Globemaster goes green on synthetic fuel
Staff report
Posted : Saturday Oct 27, 2007 6:22:53 EDT

EDWARDS AIR FORCE BASE, Calif. – For the first time, the Air Force has flown a C-17 Globemaster jet powered entirely by a mix of synthetic and traditional fuels.

The service, which aims to certify synthetic petroleum use in all aircraft by 2011, has fully certified B-52 bombers on the fuel mix and has started easing the C-17 cargo jet into using the fuel.

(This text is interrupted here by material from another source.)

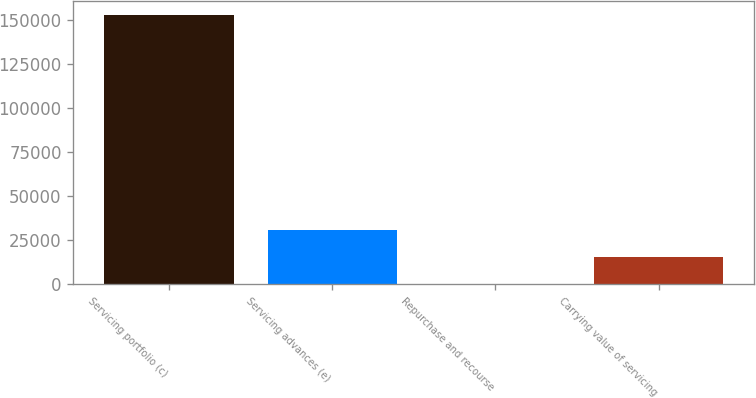Convert chart. <chart><loc_0><loc_0><loc_500><loc_500><bar_chart><fcel>Servicing portfolio (c)<fcel>Servicing advances (e)<fcel>Repurchase and recourse<fcel>Carrying value of servicing<nl><fcel>153193<fcel>30673<fcel>43<fcel>15358<nl></chart>

After an Oct. 19 test flight with only one C-17 tank containing the new-wave fuel, pilots flew the C-17 on Oct. 22 with nothing but synthetic fuel mix on board.

There was “no discernable difference” between using the traditional JP-8 fuel and the synthetic fuel mix, said mission pilot Maj. Scott Sullivan in a statement.

The synthetic fuel, called Fischer-Tropsch, is blended with JP-8, a kerosene-based fuel that uses more natural resources. The synthetic fuel is touted by the Air Force, the Defense Department’s largest fuel consumer, as an alternative to relying on foreign-produced fuels.

This four-hour C-17 flight clears the way for more evaluations at McChord Air Force Base in Washington and other tests. Air Force leaders expect the C-17 to be fully certified to use the synthetic fuel blend by early 2008.


----------



## Bane (27 Oct 2007)

The main soild carbon source for this process is coal. The U.S. has the worlds largest known coal reserves at approx. 260 + billion short tonnes.  Canada is around number 10 globally for coal reserves, with about 70% of it in Alberta.


----------



## tomahawk6 (27 Oct 2007)

Who needs coal when you have tar sands ;D


----------



## geo (27 Oct 2007)

Heh.... if it workeed for the Germans during WW2, guess it'll still work


----------



## tomahawk6 (27 Oct 2007)

Worked for the South Africans too in the bad old apartheid days.


----------



## Bane (28 Oct 2007)

Not the best source for liquid hydrocarbons, neither is bitumen, but it does provide some alternative I suppose.


----------



## Bane (31 Oct 2007)

Related article
http://money.cnn.com/2007/10/30/magazines/fortune/Oil_from_stone.fortune/index.htm


----------